• AIM OF THE TASK:
Exact transcription, pictures omitted: reproduce the listing below.
_ _ _ _
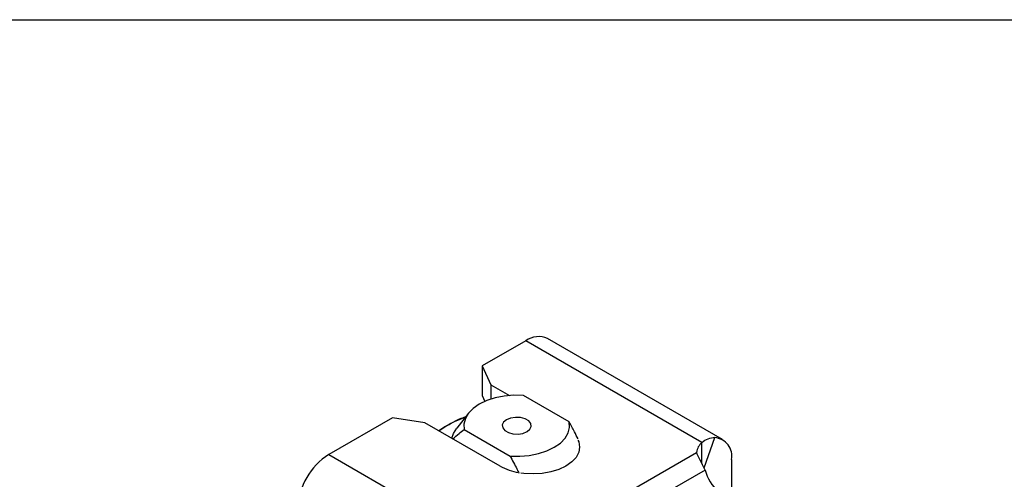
# Model space of a CAD drawing. Header units: inches. Extents: x 0.5 to 21.5, y 0.5 to 16.5.
# Tile 10 of 11: x 16.5 to 19.2, y 15.3 to 16.5. Entities that reach past the tile are written whole.
import ezdxf

# ---------------------------------------------------------------- set-up
doc = ezdxf.new("R2010")
doc.units = ezdxf.units.IN
doc.header["$LTSCALE"] = 2
doc.header["$MEASUREMENT"] = 0
doc.linetypes.add('SLD-Solid', pattern=[0])
doc.layers.add('TEXT', color=140, linetype='SLD-Solid', lineweight=25)

msp = doc.modelspace()

# ---------------------------------------------------------------- linework, layer by layer
for p, q in [((17.8688, 15.6315), (17.7508, 15.5634)), ((18.3449, 15.3567), (17.8688, 15.6315)), ((18.4011, 15.3642), (17.9279, 15.6374)), ((17.7508, 15.5634), (17.7743, 15.5127)), ((17.7508, 15.5634), (17.7508, 15.4831)), ((17.7743, 15.5127), (17.8249, 15.4835)), ((17.7743, 15.5127), (17.7743, 15.4737)), ((17.7508, 15.4831), (17.758, 15.4675)), ((17.9864, 15.4122), (17.8627, 15.4837)), ((17.5084, 15.4235), (17.3361, 15.324)), ((17.5962, 15.4099), (17.5084, 15.4235)), ((17.7139, 15.4354), (17.6828, 15.3953)), ((17.7994, 15.2926), (17.5962, 15.4099)), ((17.6442, 15.3951), (17.6338, 15.3882)), ((17.6342, 15.3879), (17.6442, 15.3951)), ((17.7026, 15.3912), (17.8264, 15.3198)), ((18.3511, 15.2874), (18.3801, 15.3697)), ((18.3449, 15.3), (18.3449, 15.3567)), ((17.3361, 15.324), (17.8285, 15.0398)), ((17.8285, 15.0398), (18.3306, 15.3296)), ((18.4256, 15.3101), (18.4256, 15.22)), ((18.3538, 15.2819), (17.9586, 15.0537))]:
    msp.add_line(p, q)
at = {"flags": 128}
for points in [[(17.8627, 15.4837), (17.8366, 15.4842), (17.8108, 15.482), (17.7861, 15.4771), (17.7634, 15.4698), (17.7433, 15.4601), (17.7267, 15.4486), (17.7139, 15.4354), (17.7055, 15.4212), (17.7017, 15.4063), (17.7026, 15.3912)], [(17.8167, 15.4178), (17.8088, 15.4113), (17.8053, 15.4037), (17.8065, 15.3958), (17.8123, 15.3887), (17.8219, 15.3831), (17.8343, 15.3798), (17.8479, 15.3791), (17.8612, 15.3811), (17.8724, 15.3857), (17.8802, 15.3921), (17.8837, 15.3997), (17.8825, 15.4076), (17.8768, 15.4148), (17.8671, 15.4203), (17.8547, 15.4237), (17.8411, 15.4244), (17.8279, 15.4223), (17.8167, 15.4178)], [(17.6691, 15.3678), (17.6736, 15.3804), (17.6828, 15.3953)], [(17.8264, 15.3198), (17.8524, 15.3193), (17.8782, 15.3215), (17.9029, 15.3263), (17.9256, 15.3337), (17.9457, 15.3433), (17.9624, 15.3549), (17.9751, 15.368), (17.9836, 15.3823), (17.9874, 15.3972), (17.9864, 15.4122)], [(18.0101, 15.363), (18.0121, 15.3582), (18.0145, 15.344), (18.0121, 15.3298), (18.0049, 15.3161), (17.9932, 15.3036), (17.9776, 15.2926), (17.9585, 15.2835), (17.9367, 15.2768), (17.9131, 15.2726), (17.8885, 15.2712), (17.8639, 15.2726), (17.8556, 15.2738)]]:
    msp.add_lwpolyline(points, dxfattribs=at)
for centre, radius, start, end in [((17.9034, 15.5833), 0.0594, 65.6929, 125.6176), ((17.8022, 15.1386), 0.3013, 108.8487, 121.6216), ((18.3752, 15.3188), 0.0511, 350.1888, 84.4979), ((18.378, 15.3219), 0.0481, 133.5368, 170.6841), ((17.4339, 15.1711), 0.1815, 122.6055, 177.3945), ((17.8782, 15.4354), 0.1632, 241.1373, 259.8411), ((18.4819, 15.319), 0.1334, 196.1599, 255.114)]:
    msp.add_arc(centre, radius, start, end)
for points, knots in [([(17.6442, 15.3951), (17.6595, 15.4043), (17.6807, 15.417), (17.7013, 15.4245), (17.707, 15.4266)], [0, 0, 0, 0, 0.721926, 1, 1, 1, 1]), ([(17.6718, 15.3662), (17.6772, 15.3713), (17.687, 15.3804), (17.6978, 15.3879), (17.7026, 15.3912)], [0, 0, 0, 0, 0.553147, 1, 1, 1, 1]), ([(18.0102, 15.366), (18.0071, 15.3724), (17.9996, 15.388), (17.9913, 15.4033), (17.9864, 15.4122)], [0, 0, 0, 0, 0.415538, 1, 1, 1, 1]), ([(18.3449, 15.3567), (18.3505, 15.361), (18.3563, 15.3643), (18.3682, 15.3687), (18.3742, 15.3698), (18.3801, 15.3697)], [0, 0, 0, 0, 0.5, 0.5, 1, 1, 1, 1]), ([(17.8264, 15.3198), (17.8326, 15.3082), (17.841, 15.2927), (17.8486, 15.2769), (17.8505, 15.273)], [0, 0, 0, 0, 0.750216, 1, 1, 1, 1]), ([(18.3538, 15.2819), (18.3493, 15.2914), (18.3448, 15.3002), (18.3367, 15.3162), (18.3332, 15.3233), (18.3306, 15.3296)], [0, 0, 0, 0, 0.5, 0.5, 1, 1, 1, 1])]:
    msp.add_open_spline(points, degree=3, knots=knots)
at = {"layer": 'TEXT'}
msp.add_line((0.5, 16.5), (21.5, 16.5), dxfattribs=at)

doc.saveas('drawing.dxf')
_ _ _ _
• TASK OUTPUT:
# Model space of a CAD drawing. Header units: inches. Extents: x 0.5 to 21.5, y 0.5 to 16.5.
# Tile 10 of 11: x 16.5 to 19.2, y 15.3 to 16.5. Entities that reach past the tile are written whole.
import ezdxf

# ---------------------------------------------------------------- set-up
doc = ezdxf.new("R2010")
doc.units = ezdxf.units.IN
doc.header["$LTSCALE"] = 2
doc.header["$MEASUREMENT"] = 0
doc.linetypes.add('SLD-Solid', pattern=[0])
doc.layers.add('TEXT', color=140, linetype='SLD-Solid', lineweight=25)

msp = doc.modelspace()

# ---------------------------------------------------------------- linework, layer by layer
for p, q in [((17.8688, 15.6315), (17.7508, 15.5634)), ((18.3449, 15.3567), (17.8688, 15.6315)), ((18.4011, 15.3642), (17.9279, 15.6374)), ((17.7508, 15.5634), (17.7743, 15.5127)), ((17.7508, 15.5634), (17.7508, 15.4831)), ((17.7743, 15.5127), (17.8249, 15.4835)), ((17.7743, 15.5127), (17.7743, 15.4737)), ((17.7508, 15.4831), (17.758, 15.4675)), ((17.9864, 15.4122), (17.8627, 15.4837)), ((17.5084, 15.4235), (17.3361, 15.324)), ((17.5962, 15.4099), (17.5084, 15.4235)), ((17.7139, 15.4354), (17.6828, 15.3953)), ((17.7994, 15.2926), (17.5962, 15.4099)), ((17.6442, 15.3951), (17.6338, 15.3882)), ((17.6342, 15.3879), (17.6442, 15.3951)), ((17.7026, 15.3912), (17.8264, 15.3198)), ((18.3511, 15.2874), (18.3801, 15.3697)), ((18.3449, 15.3), (18.3449, 15.3567)), ((17.3361, 15.324), (17.8285, 15.0398)), ((17.8285, 15.0398), (18.3306, 15.3296)), ((18.4256, 15.3101), (18.4256, 15.22)), ((18.3538, 15.2819), (17.9586, 15.0537))]:
    msp.add_line(p, q)
at = {"flags": 128}
for points in [[(17.8627, 15.4837), (17.8366, 15.4842), (17.8108, 15.482), (17.7861, 15.4771), (17.7634, 15.4698), (17.7433, 15.4601), (17.7267, 15.4486), (17.7139, 15.4354), (17.7055, 15.4212), (17.7017, 15.4063), (17.7026, 15.3912)], [(17.8167, 15.4178), (17.8088, 15.4113), (17.8053, 15.4037), (17.8065, 15.3958), (17.8123, 15.3887), (17.8219, 15.3831), (17.8343, 15.3798), (17.8479, 15.3791), (17.8612, 15.3811), (17.8724, 15.3857), (17.8802, 15.3921), (17.8837, 15.3997), (17.8825, 15.4076), (17.8768, 15.4148), (17.8671, 15.4203), (17.8547, 15.4237), (17.8411, 15.4244), (17.8279, 15.4223), (17.8167, 15.4178)], [(17.6691, 15.3678), (17.6736, 15.3804), (17.6828, 15.3953)], [(17.8264, 15.3198), (17.8524, 15.3193), (17.8782, 15.3215), (17.9029, 15.3263), (17.9256, 15.3337), (17.9457, 15.3433), (17.9624, 15.3549), (17.9751, 15.368), (17.9836, 15.3823), (17.9874, 15.3972), (17.9864, 15.4122)], [(18.0101, 15.363), (18.0121, 15.3582), (18.0145, 15.344), (18.0121, 15.3298), (18.0049, 15.3161), (17.9932, 15.3036), (17.9776, 15.2926), (17.9585, 15.2835), (17.9367, 15.2768), (17.9131, 15.2726), (17.8885, 15.2712), (17.8639, 15.2726), (17.8556, 15.2738)]]:
    msp.add_lwpolyline(points, dxfattribs=at)
for centre, radius, start, end in [((17.9034, 15.5833), 0.0594, 65.6929, 125.6176), ((17.8022, 15.1386), 0.3013, 108.8487, 121.6216), ((18.3752, 15.3188), 0.0511, 350.1888, 84.4979), ((18.378, 15.3219), 0.0481, 133.5368, 170.6841), ((17.4339, 15.1711), 0.1815, 122.6055, 177.3945), ((17.8782, 15.4354), 0.1632, 241.1373, 259.8411), ((18.4819, 15.319), 0.1334, 196.1599, 255.114)]:
    msp.add_arc(centre, radius, start, end)
for points, knots in [([(17.6442, 15.3951), (17.6595, 15.4043), (17.6807, 15.417), (17.7013, 15.4245), (17.707, 15.4266)], [0, 0, 0, 0, 0.721926, 1, 1, 1, 1]), ([(17.6718, 15.3662), (17.6772, 15.3713), (17.687, 15.3804), (17.6978, 15.3879), (17.7026, 15.3912)], [0, 0, 0, 0, 0.553147, 1, 1, 1, 1]), ([(18.0102, 15.366), (18.0071, 15.3724), (17.9996, 15.388), (17.9913, 15.4033), (17.9864, 15.4122)], [0, 0, 0, 0, 0.415538, 1, 1, 1, 1]), ([(18.3449, 15.3567), (18.3505, 15.361), (18.3563, 15.3643), (18.3682, 15.3687), (18.3742, 15.3698), (18.3801, 15.3697)], [0, 0, 0, 0, 0.5, 0.5, 1, 1, 1, 1]), ([(17.8264, 15.3198), (17.8326, 15.3082), (17.841, 15.2927), (17.8486, 15.2769), (17.8505, 15.273)], [0, 0, 0, 0, 0.750216, 1, 1, 1, 1]), ([(18.3538, 15.2819), (18.3493, 15.2914), (18.3448, 15.3002), (18.3367, 15.3162), (18.3332, 15.3233), (18.3306, 15.3296)], [0, 0, 0, 0, 0.5, 0.5, 1, 1, 1, 1])]:
    msp.add_open_spline(points, degree=3, knots=knots)
at = {"layer": 'TEXT'}
msp.add_line((0.5, 16.5), (21.5, 16.5), dxfattribs=at)

doc.saveas('drawing.dxf')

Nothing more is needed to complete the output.